Resumidamente, o estudo explica que quem se baseia apenas em informações recentes e cria interpretações complexas para embasar as decisões de investimentos pode se deixar influenciar por falsos padrões, fatores meramente ilusórios.

O trabalho estudou a função do córtex pré-frontal, que é a parte do cérebro que possui funções mentais como a memória, a exploração de novos ambientes e as tomadas de decisões sobre o futuro. Os pesquisadores avaliaram o comportamento de três grupos: um deles era composto por pessoas com danos no córtex pré-frontal, outro grupo tinha lesões em outras partes do cérebro e o terceiro grupo não possuía nenhum tipo de lesão.

Os grupos foram submetidos a um teste no qual eles deviam escolher repetidas vezes, entre quatro máquinas caça-níqueis, qual delas possibilitaria maiores ganhos. Segundo os pesquisadores, a chave da experiência consiste no fato de que, sem o conhecimento dos participantes, as máquinas variavam suas formas de remuneração de maneira totalmente aleatória. As mudanças motivavam os participantes a comparar os resultados passados para definir qual opção seria a melhor no presente e evitavam que eles se restringissem a apenas uma máquina.
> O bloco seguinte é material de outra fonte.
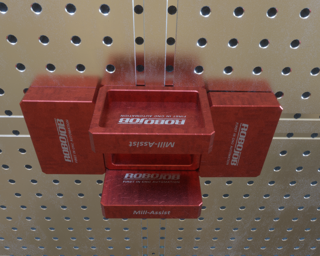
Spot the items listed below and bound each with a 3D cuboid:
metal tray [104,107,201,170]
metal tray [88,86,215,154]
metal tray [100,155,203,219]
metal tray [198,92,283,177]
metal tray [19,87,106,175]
[{"bbox_3d":[-0.010,0.016,0.419,0.131,0.030,0.089,0,130,-1],"label":"metal tray"},{"bbox_3d":[-0.009,-0.012,0.359,0.131,0.090,0.030,1,130,-1],"label":"metal tray"},{"bbox_3d":[-0.011,0.080,0.435,0.131,0.090,0.030,1,130,-1],"label":"metal tray"},{"bbox_3d":[0.101,0.013,0.419,0.091,0.030,0.129,0,130,-2],"label":"metal tray"},{"bbox_3d":[-0.121,0.008,0.413,0.091,0.030,0.129,1,130,-1],"label":"metal tray"}]
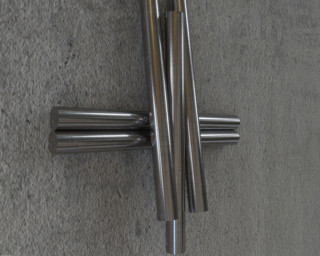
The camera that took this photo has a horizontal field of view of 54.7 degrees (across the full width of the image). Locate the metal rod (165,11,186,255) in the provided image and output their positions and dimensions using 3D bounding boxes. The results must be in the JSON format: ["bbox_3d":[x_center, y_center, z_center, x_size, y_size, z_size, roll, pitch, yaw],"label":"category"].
[{"bbox_3d":[0.019,0.006,0.391,0.025,0.025,0.298,0,90,-40],"label":"metal rod"}]

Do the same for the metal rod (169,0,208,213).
[{"bbox_3d":[0.036,-0.042,0.411,0.025,0.025,0.298,0,82,-40],"label":"metal rod"}]

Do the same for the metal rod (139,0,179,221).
[{"bbox_3d":[-0.003,-0.041,0.378,0.025,0.025,0.298,0,82,-40],"label":"metal rod"}]

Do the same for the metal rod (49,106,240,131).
[{"bbox_3d":[0.007,-0.010,0.415,0.302,0.025,0.025,0,90,-40],"label":"metal rod"}]

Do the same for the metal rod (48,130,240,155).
[{"bbox_3d":[0.006,0.015,0.414,0.302,0.025,0.025,0,90,-40],"label":"metal rod"}]
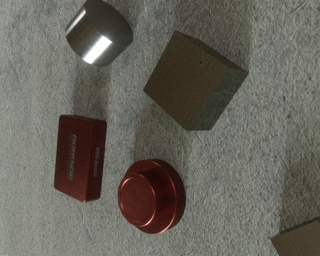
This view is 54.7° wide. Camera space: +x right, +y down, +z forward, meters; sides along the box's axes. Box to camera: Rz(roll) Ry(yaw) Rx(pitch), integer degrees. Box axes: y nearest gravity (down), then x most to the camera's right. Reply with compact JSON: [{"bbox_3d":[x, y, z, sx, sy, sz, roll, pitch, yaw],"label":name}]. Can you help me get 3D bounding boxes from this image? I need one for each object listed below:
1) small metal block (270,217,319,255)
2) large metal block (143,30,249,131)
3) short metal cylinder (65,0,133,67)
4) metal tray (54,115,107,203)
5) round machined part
[{"bbox_3d":[0.142,0.116,0.288,0.050,0.025,0.050,-39,66,33],"label":"small metal block"},{"bbox_3d":[0.039,-0.053,0.357,0.080,0.050,0.080,45,117,30],"label":"large metal block"},{"bbox_3d":[-0.085,-0.134,0.439,0.050,0.081,0.080,-35,69,34],"label":"short metal cylinder"},{"bbox_3d":[-0.133,0.047,0.512,0.090,0.030,0.129,10,97,39],"label":"metal tray"},{"bbox_3d":[-0.018,0.091,0.409,0.098,0.042,0.097,0,90,40],"label":"round machined part"}]
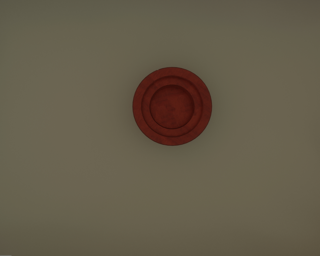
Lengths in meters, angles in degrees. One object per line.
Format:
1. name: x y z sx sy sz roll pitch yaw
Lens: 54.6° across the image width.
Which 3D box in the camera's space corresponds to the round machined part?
1. round machined part: 0.015 -0.027 0.403 0.099 0.042 0.097 0 90 0
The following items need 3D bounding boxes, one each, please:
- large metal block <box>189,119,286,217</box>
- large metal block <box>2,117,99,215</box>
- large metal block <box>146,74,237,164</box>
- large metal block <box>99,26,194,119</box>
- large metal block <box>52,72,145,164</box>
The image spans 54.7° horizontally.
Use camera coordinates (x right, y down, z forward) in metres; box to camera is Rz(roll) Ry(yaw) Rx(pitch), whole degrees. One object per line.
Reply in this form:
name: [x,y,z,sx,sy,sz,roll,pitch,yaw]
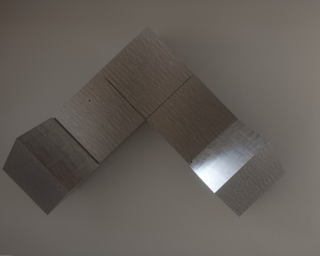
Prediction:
large metal block: [0.096,0.050,0.377,0.080,0.050,0.080,-44,134,0]
large metal block: [-0.134,0.048,0.374,0.080,0.050,0.080,46,133,0]
large metal block: [0.040,-0.009,0.397,0.080,0.050,0.080,-44,90,0]
large metal block: [-0.016,-0.067,0.397,0.080,0.050,0.080,-44,90,0]
large metal block: [-0.074,-0.011,0.396,0.080,0.050,0.080,-44,90,0]

Embora todos os participantes tenham levado em conta os resultados de longo prazo em algum nível, aqueles com o córtex pré-frontal saudável (tanto os completamente saudáveis quanto aqueles com lesões em outras partes do cérebro) basearam-se predominantemente nos resultados mais recentes.

“Enquanto os grupos dos pacientes saudáveis e com outras lesões cerebrais usaram principalmente comparações entre os dois resultados mais recentes para influenciar as decisões sobre a escolha seguinte, o grupo com lesões no córtex pré-frontal baseou a escolha inteiramente na recompensa histórica e não nos eventos recentes”, explicam os pesquisadores no artigo sobre o resultado da pesquisa.
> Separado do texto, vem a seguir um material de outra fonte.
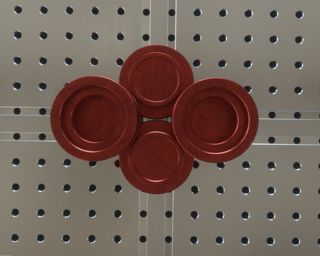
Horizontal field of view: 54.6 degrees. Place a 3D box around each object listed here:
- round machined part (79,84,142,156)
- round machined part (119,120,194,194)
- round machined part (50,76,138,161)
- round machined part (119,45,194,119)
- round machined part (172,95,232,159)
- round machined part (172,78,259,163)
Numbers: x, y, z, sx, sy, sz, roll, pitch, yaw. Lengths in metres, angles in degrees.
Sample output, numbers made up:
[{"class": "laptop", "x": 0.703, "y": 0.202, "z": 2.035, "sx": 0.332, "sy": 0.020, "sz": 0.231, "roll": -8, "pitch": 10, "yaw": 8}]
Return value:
[{"class": "round machined part", "x": -0.073, "y": -0.011, "z": 0.404, "sx": 0.099, "sy": 0.042, "sz": 0.097, "roll": 0, "pitch": 90, "yaw": 0}, {"class": "round machined part", "x": -0.005, "y": 0.038, "z": 0.404, "sx": 0.099, "sy": 0.042, "sz": 0.097, "roll": 0, "pitch": 90, "yaw": 0}, {"class": "round machined part", "x": -0.075, "y": -0.011, "z": 0.372, "sx": 0.099, "sy": 0.042, "sz": 0.097, "roll": 0, "pitch": 90, "yaw": 0}, {"class": "round machined part", "x": -0.005, "y": -0.060, "z": 0.404, "sx": 0.099, "sy": 0.042, "sz": 0.097, "roll": 0, "pitch": 90, "yaw": 0}, {"class": "round machined part", "x": 0.063, "y": -0.010, "z": 0.405, "sx": 0.099, "sy": 0.042, "sz": 0.097, "roll": 0, "pitch": 90, "yaw": 0}, {"class": "round machined part", "x": 0.063, "y": -0.009, "z": 0.373, "sx": 0.099, "sy": 0.042, "sz": 0.097, "roll": 0, "pitch": 90, "yaw": 0}]
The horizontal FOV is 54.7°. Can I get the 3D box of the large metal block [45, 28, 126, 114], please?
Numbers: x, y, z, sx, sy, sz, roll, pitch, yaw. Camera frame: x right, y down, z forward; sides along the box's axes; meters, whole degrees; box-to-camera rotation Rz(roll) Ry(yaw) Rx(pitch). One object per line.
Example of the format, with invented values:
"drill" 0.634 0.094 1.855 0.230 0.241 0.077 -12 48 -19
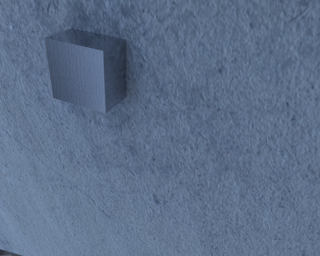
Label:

Ao contrário do que os pesquisadores previram, os participantes com danos no cortex pré-frontal se saíram bem no resultado geral e ganharam tanto dinheiro quanto os pacientes saudáveis. Enquanto os pacientes com córtex pré-frontal saudável pulavam o tempo inteiro de uma máquina para a outra para melhorar seus resultados, os pacientes com essa região lesionada não tentavam ser mais espertos que a máquina ou adivinhar um padrão em um processo aleatório.

O córtex pré-frontal ajuda a fazer previsões de curto prazo. Em situações imprevisíveis, ele se recusa a admitir uma derrota e busca um padrão que possa ser utilizado para conferir alguma lógica à decisão que deve ser tomada naquele instante. O problema é que, frente à aleatoriedade, isto leva o indivíduo a criar padrões ilusórios.

Ao basear as decisões em resultados mais recentes, o grupo saudável percebeu tendências em fatores que eram propositalmente aleatórios. Isto mostra que as funções do córtex pré-frontal podem ser uma via de duas mãos, pois também podem trazer interpretações equivocadas. Ainda que o experimento não tenha sido elaborado para promover análises diretas sobre o comportamento de investidores em um mercado de ações, a aleatoriedade na remuneração das máquinas pode se comparar ao sobe e desce das bolsas de valores.

Guardadas as devidas proporções, a pesquisa mostra, portanto, que pessoas com o cérebro saudável têm uma tendência a tentar especular, comprando e vendendo ativos constantemente para tentar ganhar do mercado. Porém, fazer isso não é garantia de um bom resultado, podendo gerar resultados iguais ou até piores do que os das pessoas que olham dados de longo prazo ou permanecem mais tempo com um mesmo ativo.

O estudo intitulado “Anterior Prefrontal Cortex Contributes to Action Selection” (em livre tradução, “Córtex pré-frontal contribui para a escolha de ações”) é de autoria dos pesquisadores Christopher K. Kovach, Nathaniel D. Daw, David Rudrauf, Daniel Tranel, John P. O’Doherty e Ralph Adolphs.